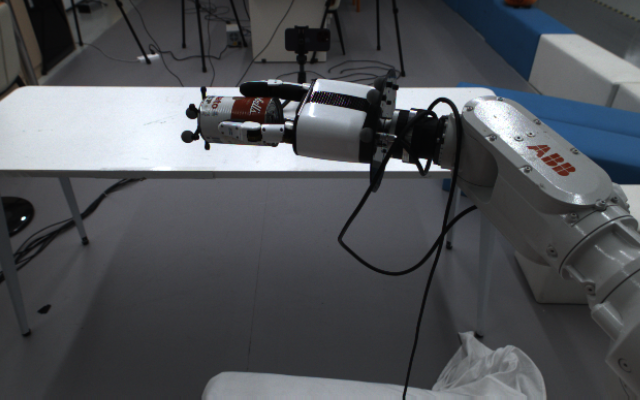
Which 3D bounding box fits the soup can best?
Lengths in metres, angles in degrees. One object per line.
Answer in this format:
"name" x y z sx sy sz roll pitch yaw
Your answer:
"soup can" -0.108 -0.109 0.674 0.101 0.067 0.067 5 34 14
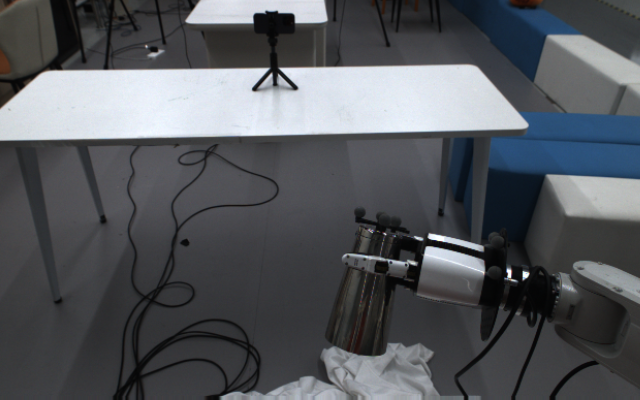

* _WORK REQUIRED_
Write out every entry again word for word, without any of the pictures.

* _SOLVED EXERCISE_
Which 3D bounding box fits the soup can best?
Lengths in metres, angles in degrees. One object per line.
Answer in this format:
"name" x y z sx sy sz roll pitch yaw
Your answer:
"soup can" -0.108 -0.109 0.674 0.101 0.067 0.067 5 34 14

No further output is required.